August Bivec

Personal information
- Date of birth: 30 September 1909
- Place of birth: Vrbovec, Kingdom of Croatia-Slavonia, Austro-Hungary
- Date of death: 22 June 1987 (aged 77)
- Place of death: Zagreb, SR Croatia, SFR Yugoslavia
- Position: Defender

Youth career
- Građanski Zagreb
- Concordia Zagreb

Senior career*
- Years: Team / Apps / (Gls)
- 1927–1930: HAŠK Zagreb
- 1930–1934: Građanski Zagreb / 55 / (0)
- 1934–1935: BSK Belgrade
- 1935–1938: Građanski Zagreb / 15 / (0)

International career
- 1933: Yugoslavia / 1 / (0)

Managerial career
- 1937–19xx: Građanski Bjelovar
- 19xx–1941: Viktorija Karlovac
- 194x–19xx: Grafičar Zagreb
- Rade Končar
- NK Zagreb
- Lokomotiva Zagreb
- Tekstilac Zagreb
- Metalac Zagreb
- Samobor
- Radnik Velika Gorica
- Dolomit Podsused
- Segesta Sisak

= August Bivec =

Croatian footballer and coach

August Bivec (30 September 1909 – 22 June 1987) was a Croatian and Yugoslav football player and coach.

==Playing career==
===Club===
Born in Vrbovec, a town located about 30 kilometers north-east of Zagreb, he started playing in 1925 in the youth team of HŠK Građanski Zagreb. A misfortune of missing a penalty-kick will make him leave Građanski and join city-rivals HŠK Concordia. Between 1927 and 1930 he played as senior with HAŠK, and then he returned to Građanski where, for the exception of the season 1934–35 which he spent playing with BSK Belgrade, he will stay until 1938. With Građanski, playing along Bernard Hügl in the defense, he wins the Yugoslav championship in 1937 and he became noticed as fast and elegant defender with great positioning and ball recovering skills. He finished his career in 1938 when, after disagreements with Građanski president Berger, he refused to sign a new contract.

===International===
August Bivec made one appearance for the Yugoslavia national team. It was in a friendly game against Czechoslovakia, a 2–1 win, played on August 6, 1933, in Zagreb.
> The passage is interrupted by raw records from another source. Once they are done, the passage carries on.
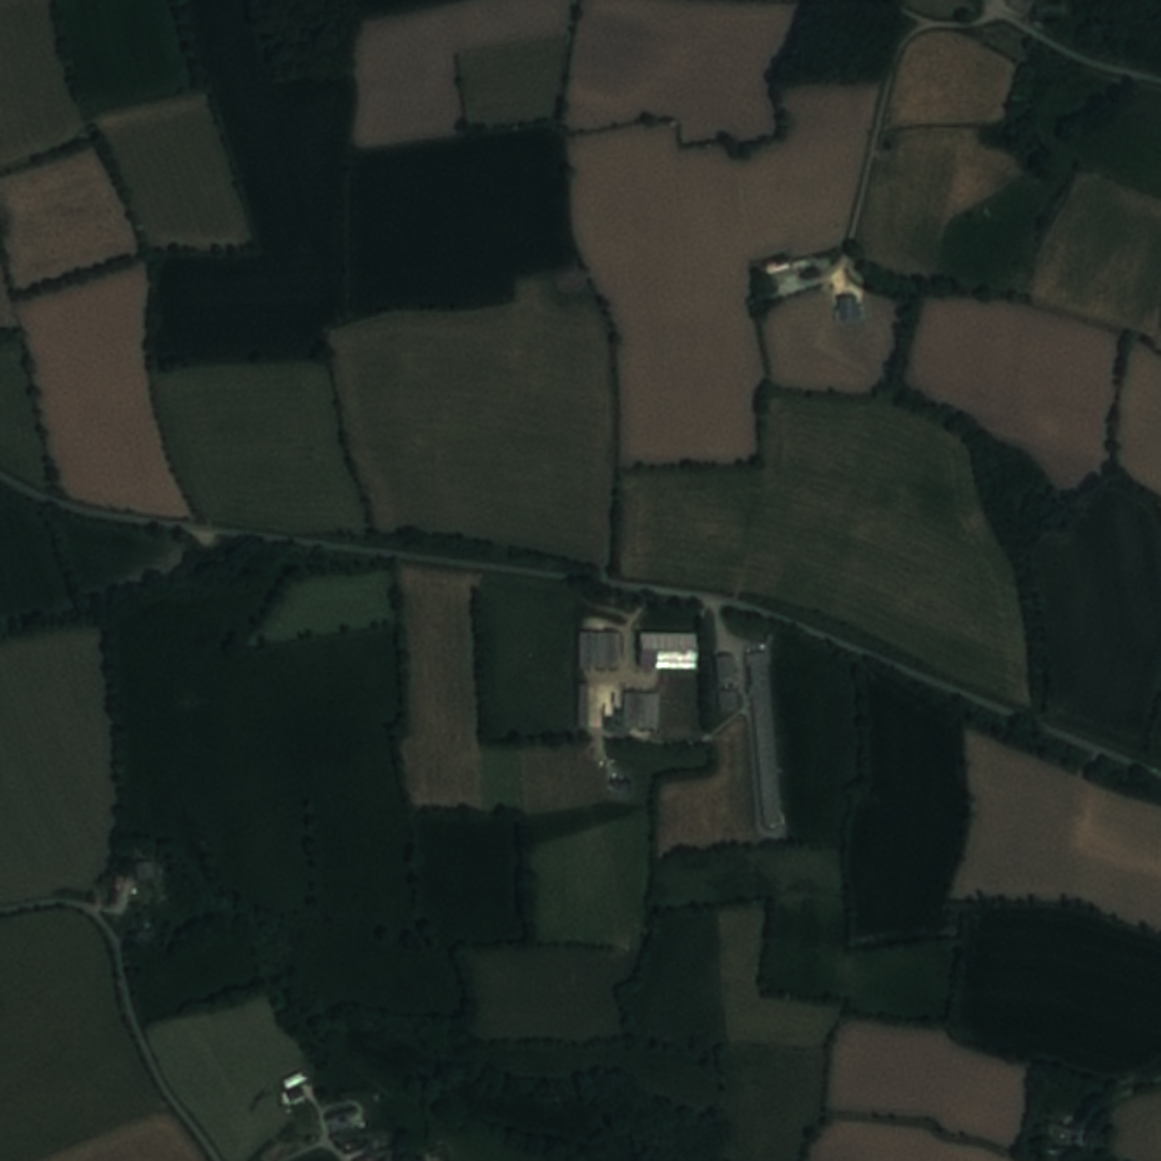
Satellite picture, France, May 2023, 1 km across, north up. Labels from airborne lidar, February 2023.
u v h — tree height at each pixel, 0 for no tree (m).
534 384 0
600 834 0
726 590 0
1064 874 0
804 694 0
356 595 0
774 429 0
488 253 0
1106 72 0
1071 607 0
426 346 0
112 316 0
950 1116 0
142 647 0
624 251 0
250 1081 0
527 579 0
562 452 0
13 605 0
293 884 0
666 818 0
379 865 0
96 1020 0
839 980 0
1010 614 0
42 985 0
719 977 0
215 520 0
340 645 0
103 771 0
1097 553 0
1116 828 0
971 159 0
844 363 0
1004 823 0
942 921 0
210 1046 0
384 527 0
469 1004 13
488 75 0
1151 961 0
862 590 0
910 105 0
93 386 0
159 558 0
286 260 0
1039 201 0
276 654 0
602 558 0
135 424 0
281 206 0
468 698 0
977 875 0
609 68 0
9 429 0
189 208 0
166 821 0
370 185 0
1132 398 0
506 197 0
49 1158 0
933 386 0
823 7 17
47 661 0
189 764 0
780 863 0
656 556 0
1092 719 0
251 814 0
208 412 0
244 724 0
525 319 0
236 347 0
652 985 0
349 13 19
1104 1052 0
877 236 0
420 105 0
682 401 0
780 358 0
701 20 0
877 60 18
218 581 12
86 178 0
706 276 0
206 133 0
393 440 0
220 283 0
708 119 0
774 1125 0
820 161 0
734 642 0
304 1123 0
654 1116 20
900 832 0
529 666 0
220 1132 0
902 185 0
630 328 0
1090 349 0
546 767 0
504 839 0
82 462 0
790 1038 0
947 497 0
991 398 0
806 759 0
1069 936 0
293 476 0
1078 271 0
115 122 0
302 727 0
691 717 0
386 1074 0
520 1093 8
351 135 0
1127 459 0
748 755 0
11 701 0
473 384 0

While he was on his military service, he was part of the Royal Yugoslav Army team that played the Little Entente tournament in 1935 in Bucharest, Romania.

==Coaching career==
He became one of the first professional coaches in Yugoslavia. He started right in 1937 when he took charge of BGŠK archiving impressive results. Before the start of Second World War in 1941, he also coached in Karlovac, a club named ŠK Viktorija. After the war, he coached numerous clubs from and around Zagreb, namely, Grafičar Zagreb, Rade Končar, NK Zagreb, NK Lokomotiva Zagreb, Tekstilac Zagreb, Metalac Zagreb, NK Samobor, NK Radnik Velika Gorica, NK Dolomit Podsused and NK Segesta. His major achievement was driving NK Samobor from the lower leagues to the national third level.

For many years he was active in several football organisations; between 1971 and 1973 he was president of the Association of Football Coaches of Croatia, between 1971 and 1973, he was member of the direction board of the Association of Football Coaches of Yugoslavia, and between 1978 and 1981 he was the first president of the Council of Football Coaches of Croatia.

==Personal life==
He graduated at the Zagreb State Commercial Academy in 1929 and worked as chief accounting officer at the Zagreb Institute of Health Protection until his retirement in 1965.

He was awarded with the zlatna plaketa by the Football Association of Yugoslavia.

He died on June 22, 1987, in Zagreb.